What you need to do
Leaving out the pictures, copy each record below exactly.
[[ Records shown, beginning ]]
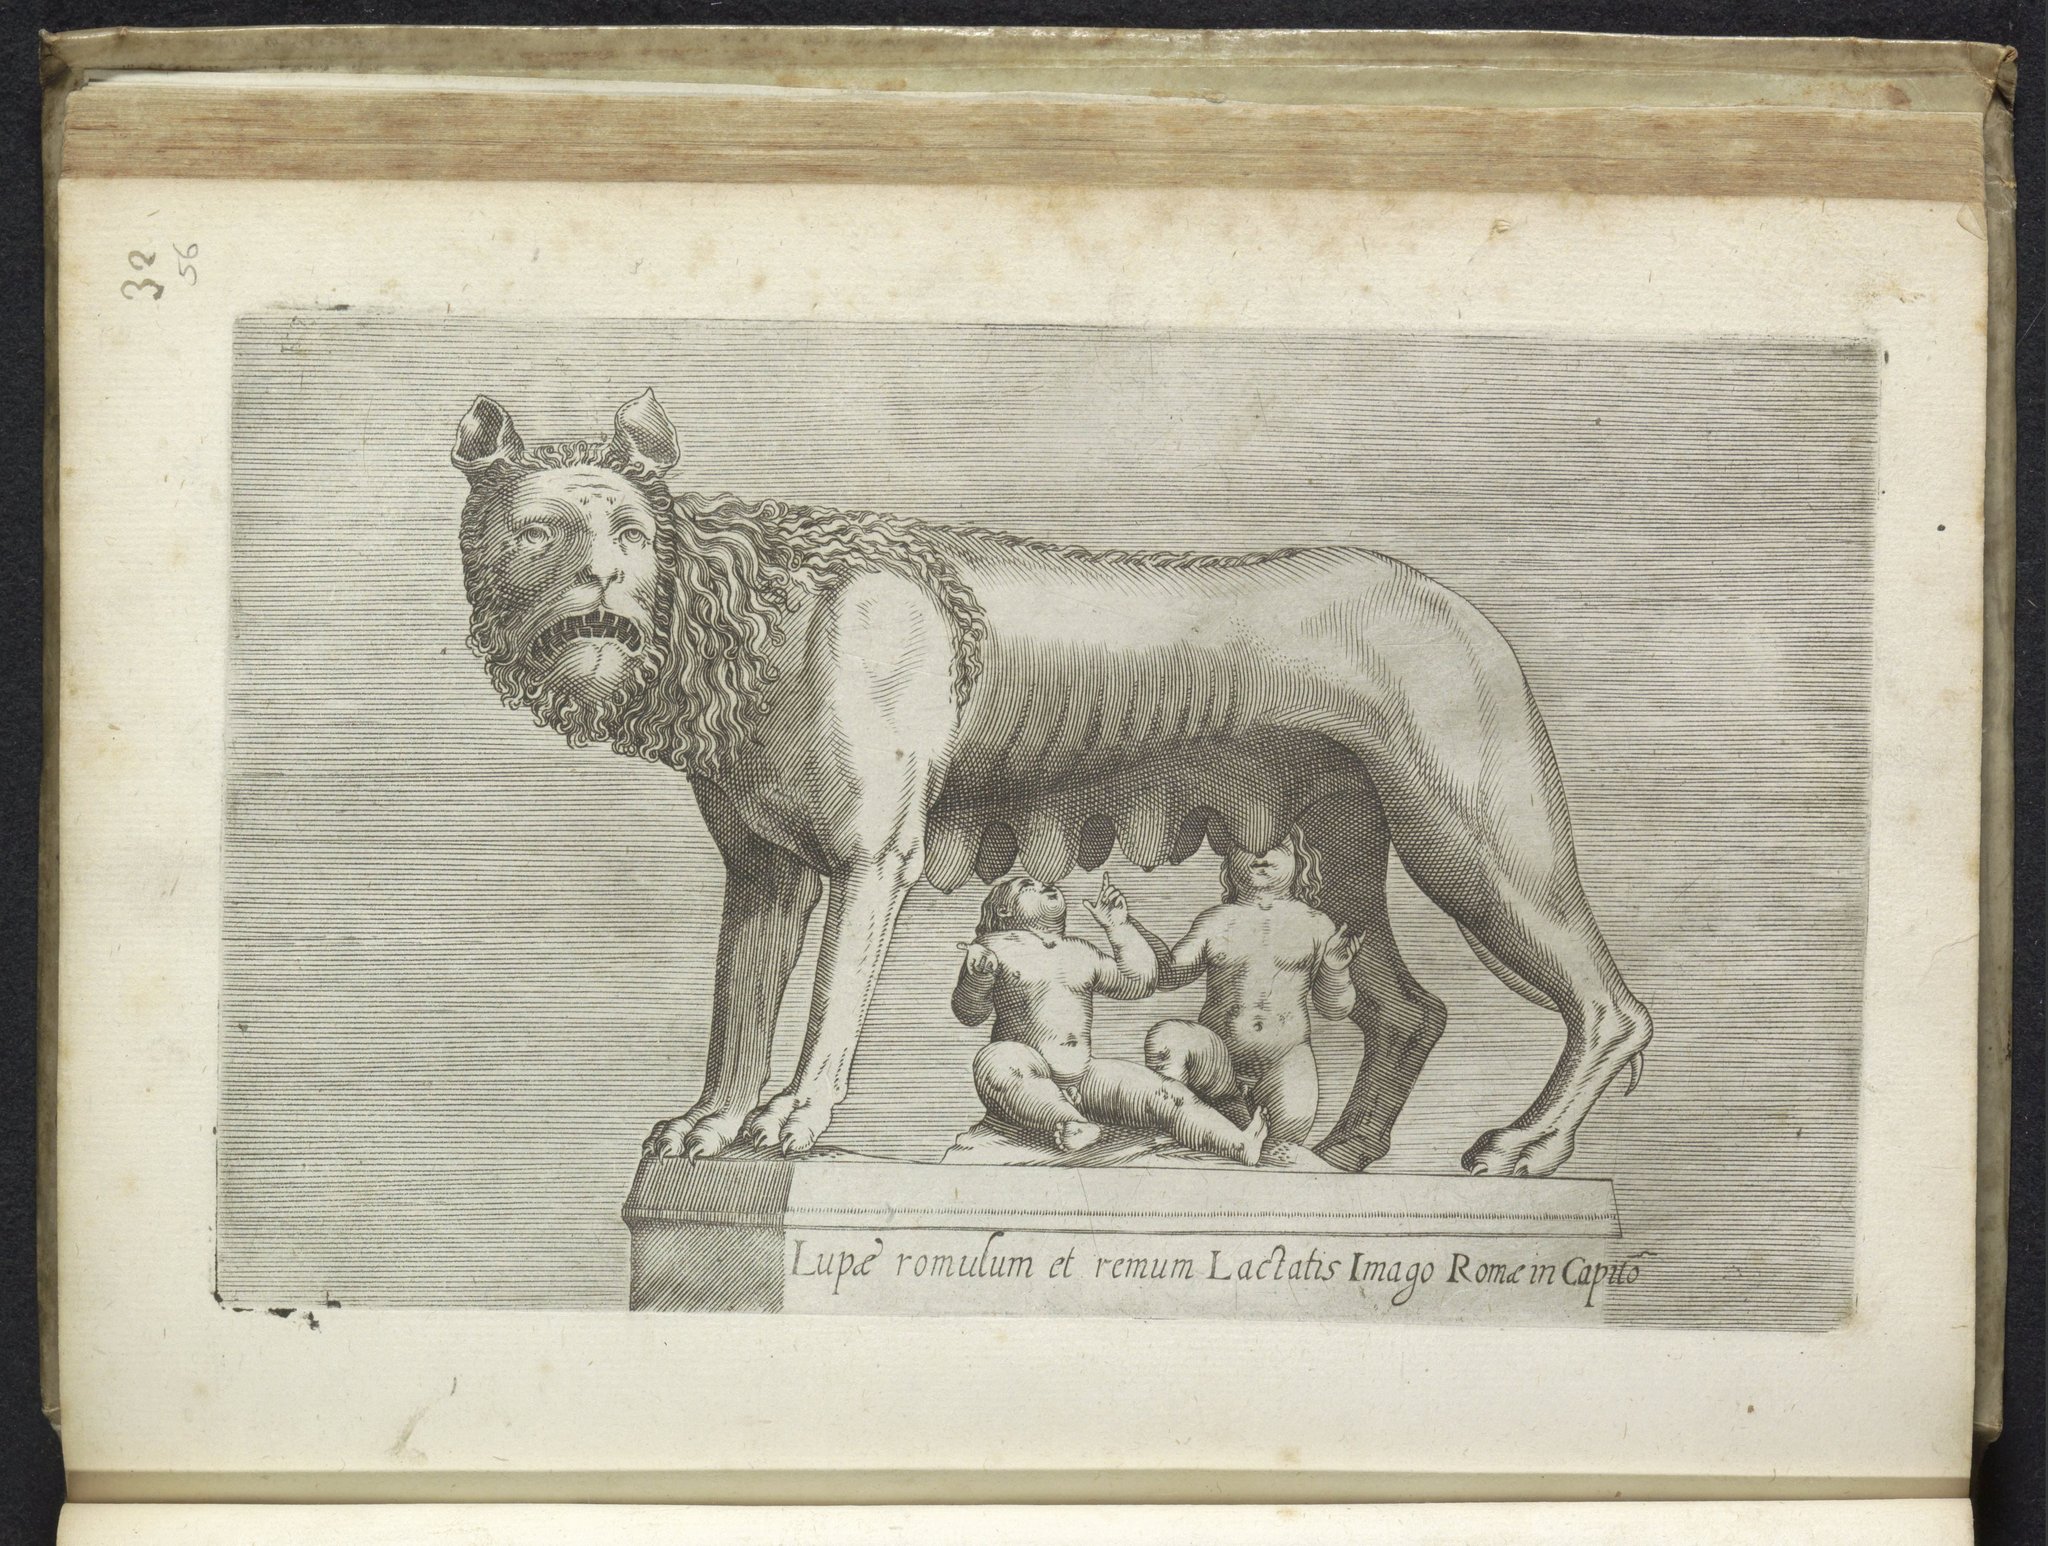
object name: print
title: Antieke sculpturen in Rome
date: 1584
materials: paper
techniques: engraving
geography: rome
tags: romulus and remus are washed ashore and suckled by a she-wolf; 'lupa romana', piece of sculpture, reproduction of a piece of sculpture
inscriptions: number: ‘32’
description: Naar een beeld in de Capitolijnse Musea te Rome. Deze prent maakt deel uit van een set van 79 prenten (+ titelprent) met voorstellingen van antieke sculpturen in Rome.
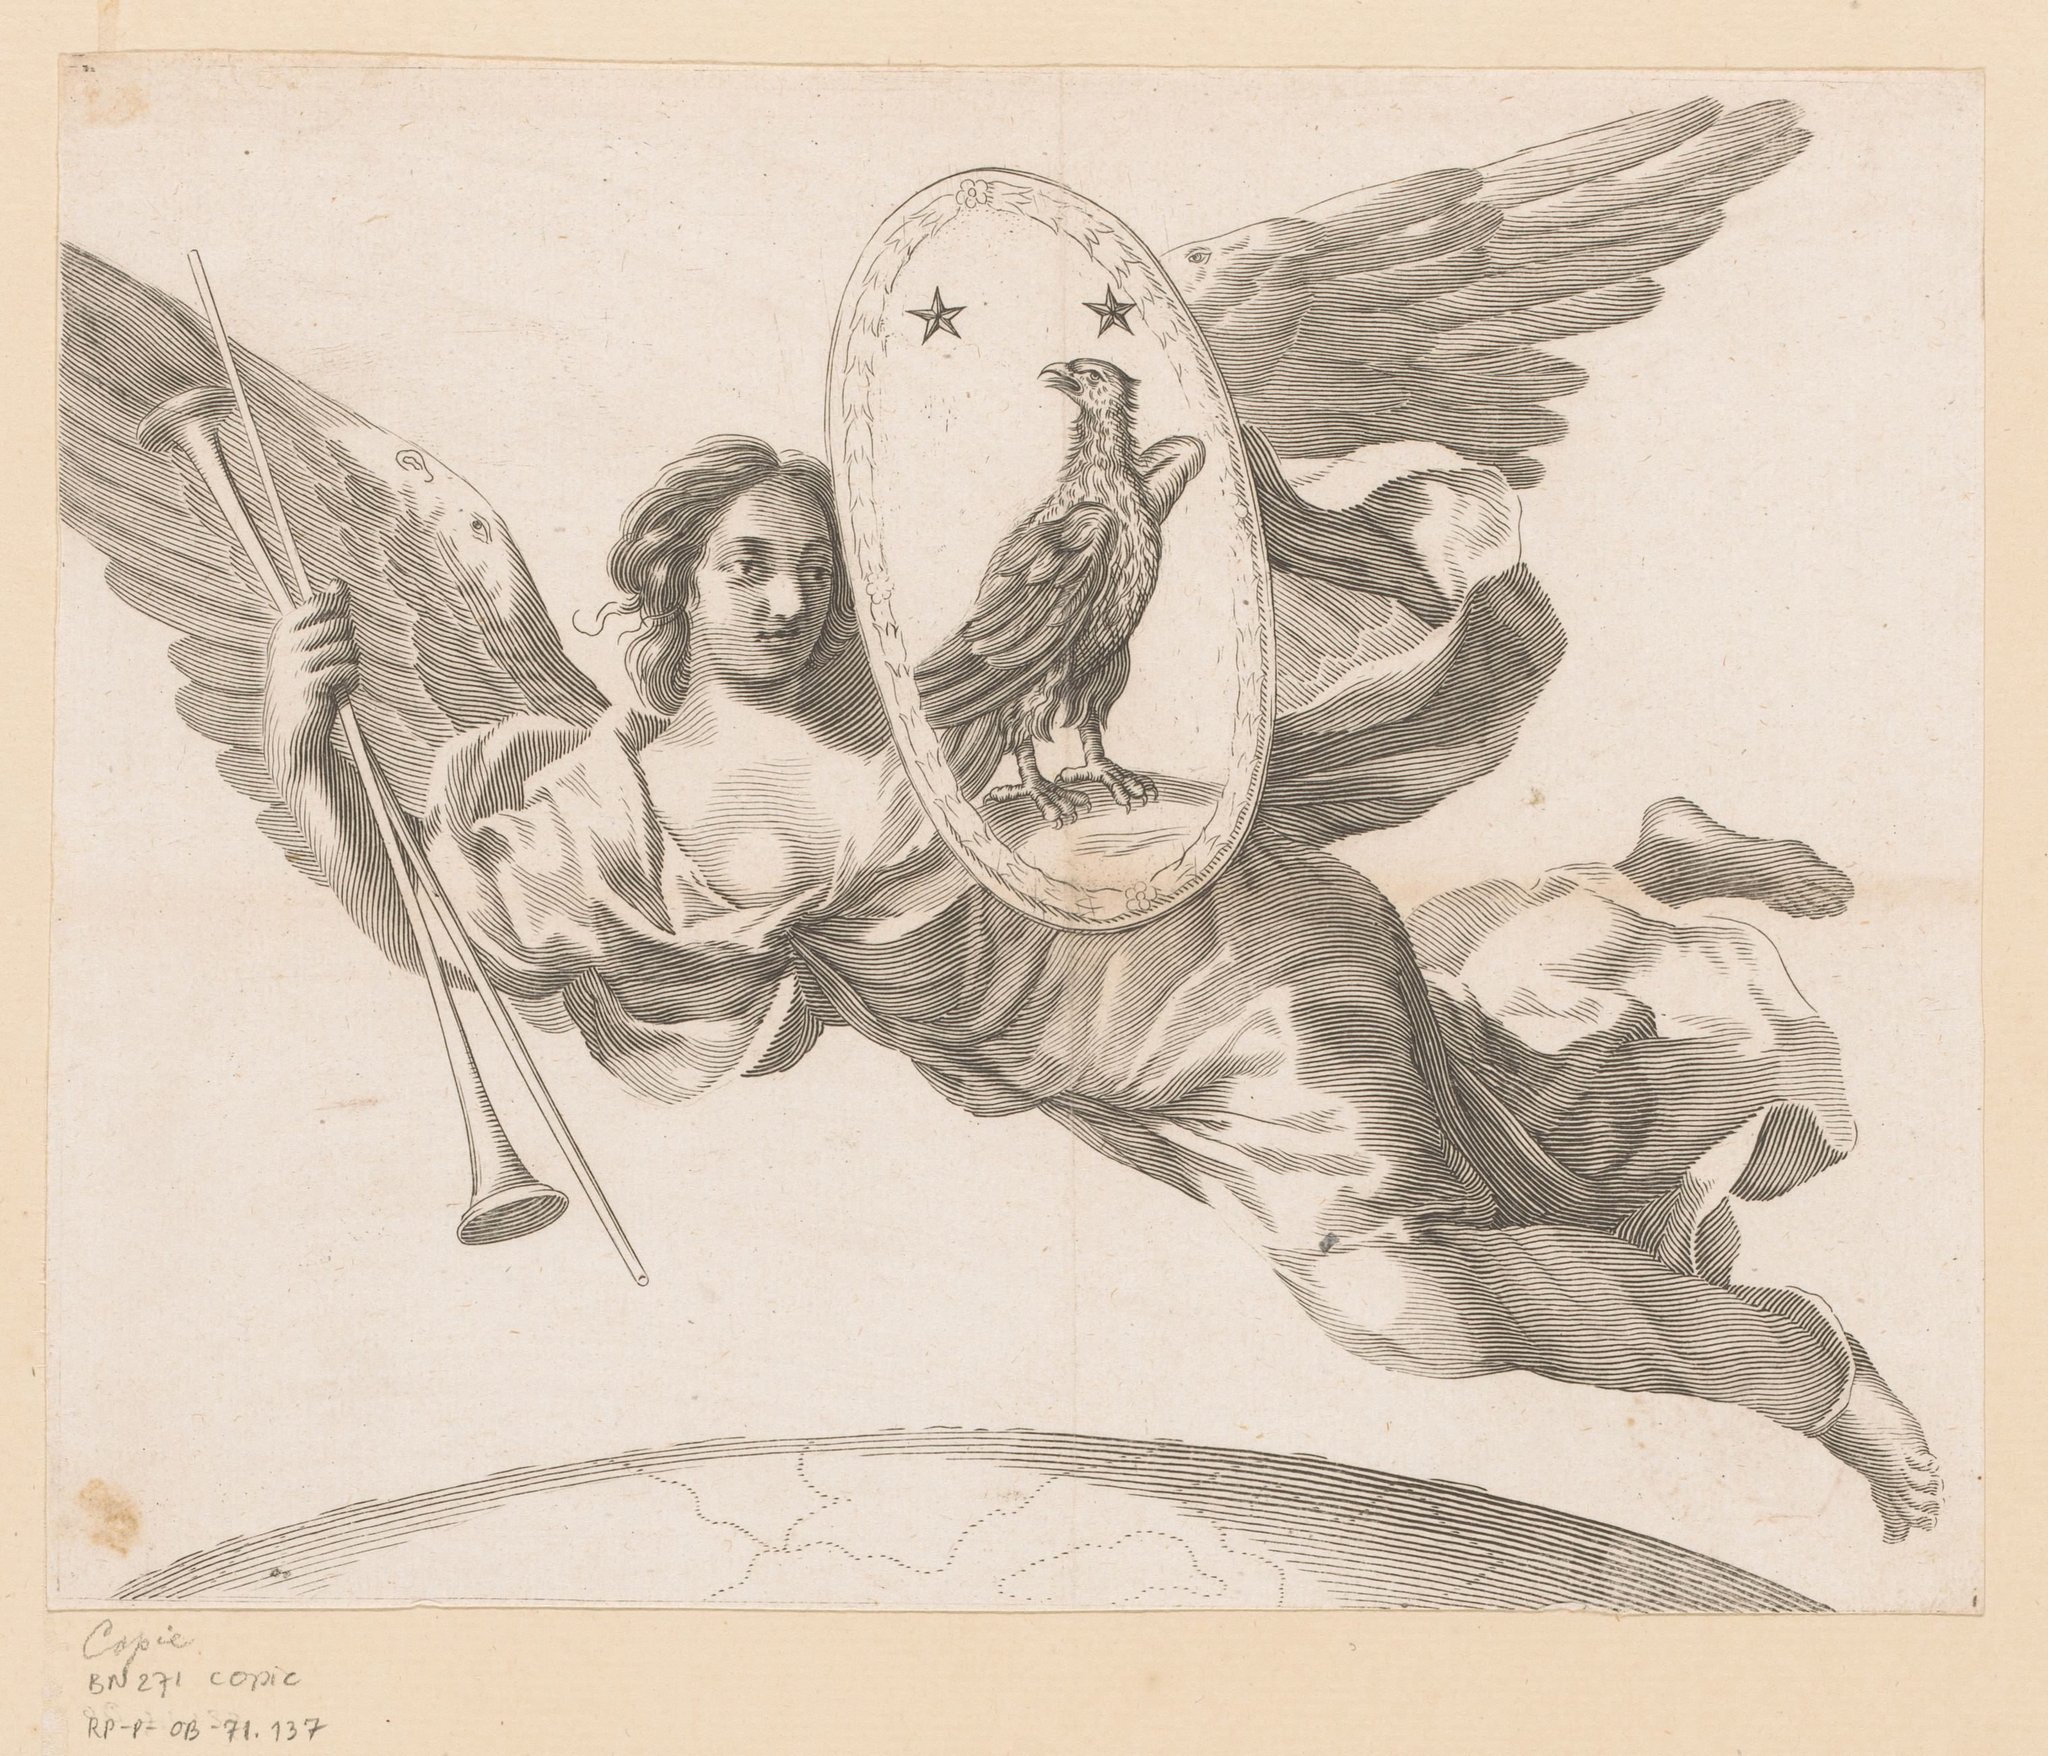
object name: print
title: Vrouwelijke figuur met vleugels en wapenschild
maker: Anonymous
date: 1608-1688
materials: paper
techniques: engraving
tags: armorial bearing, heraldry
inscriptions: collector's mark: Lugt 240
[[ Records shown, end ]]
Answer to the problem
object name: print
title: Antieke sculpturen in Rome
date: 1584
materials: paper
techniques: engraving
geography: rome
tags: romulus and remus are washed ashore and suckled by a she-wolf; 'lupa romana', piece of sculpture, reproduction of a piece of sculpture
inscriptions: number: ‘32’
description: Naar een beeld in de Capitolijnse Musea te Rome. Deze prent maakt deel uit van een set van 79 prenten (+ titelprent) met voorstellingen van antieke sculpturen in Rome.
object name: print
title: Vrouwelijke figuur met vleugels en wapenschild
maker: Anonymous
date: 1608-1688
materials: paper
techniques: engraving
tags: armorial bearing, heraldry
inscriptions: collector's mark: Lugt 240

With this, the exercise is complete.